A 4-year-old girl has become the first child in the state of New Jersey to die from contracting the flu as mortality rates continue to rise in what has been a nasty flu season. The girl, who has not been named, reportedly died in December and had not received the flu shot.
At this point, at least 37 children have died from flu-related complications this season, but experts predict the pediatric death toll could climb to as high as 150 by the end of March. According to the CDC, there has been a total of 11,965 confirmed cases of the flu between October 25 and January 20.
Experts estimate that as many as 50,000 people are likely to have died from the flu once the season comes to an end. Those who are eligible are encouraged to get a flu shot right away. But many of those who have taken the shot still contracted the flu – so what difference does it make?
“Getting the flu shot can help prevent the flu and reduce the intensity of the illness if one comes down with it – highly recommended to anyone without a contraindication to receive it!” said Dr Brian Secemsky, an internist at One Medical in San Francisco, as reported by Daily Mail.
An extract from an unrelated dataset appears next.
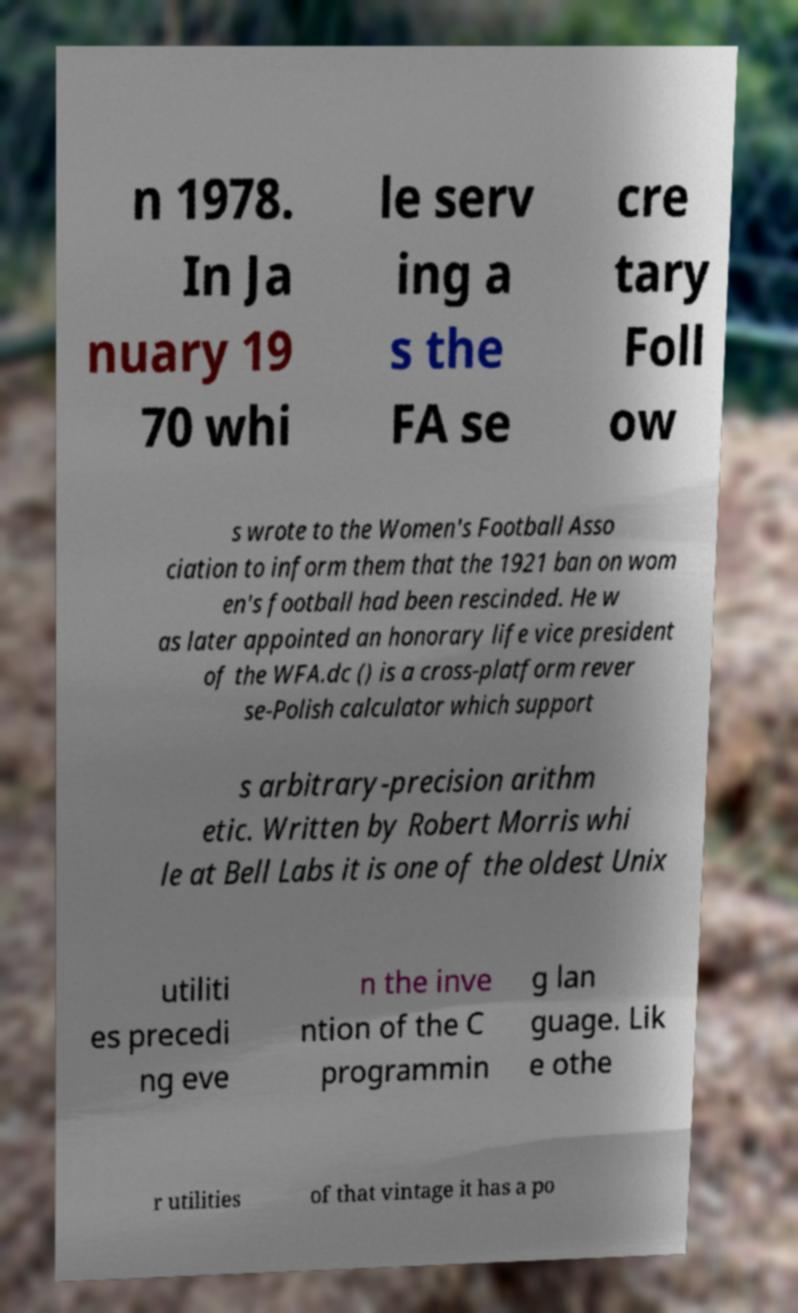Could you extract and type out the text from this image? n 1978. In Ja nuary 19 70 whi le serv ing a s the FA se cre tary Foll ow s wrote to the Women's Football Asso ciation to inform them that the 1921 ban on wom en's football had been rescinded. He w as later appointed an honorary life vice president of the WFA.dc () is a cross-platform rever se-Polish calculator which support s arbitrary-precision arithm etic. Written by Robert Morris whi le at Bell Labs it is one of the oldest Unix utiliti es precedi ng eve n the inve ntion of the C programmin g lan guage. Lik e othe r utilities of that vintage it has a po

Lily Kershaw, 5, was the first child to die of the flu. She passed away on January 22 in Nebraska. An autopsy report concluded that Lily Kershaw had influenza and succumbed to a related infection, according to Platte County Attorney Carl Hart.
“Lily was a smart, kind, and loving little girl. She had a passion for learning and always shared her big smile or a hug with anyone in need of one,’’ read a Facebook post from Twin River kindergarten, where Lily attended. “Please keep the Kershaw family in your thoughts and prayers.”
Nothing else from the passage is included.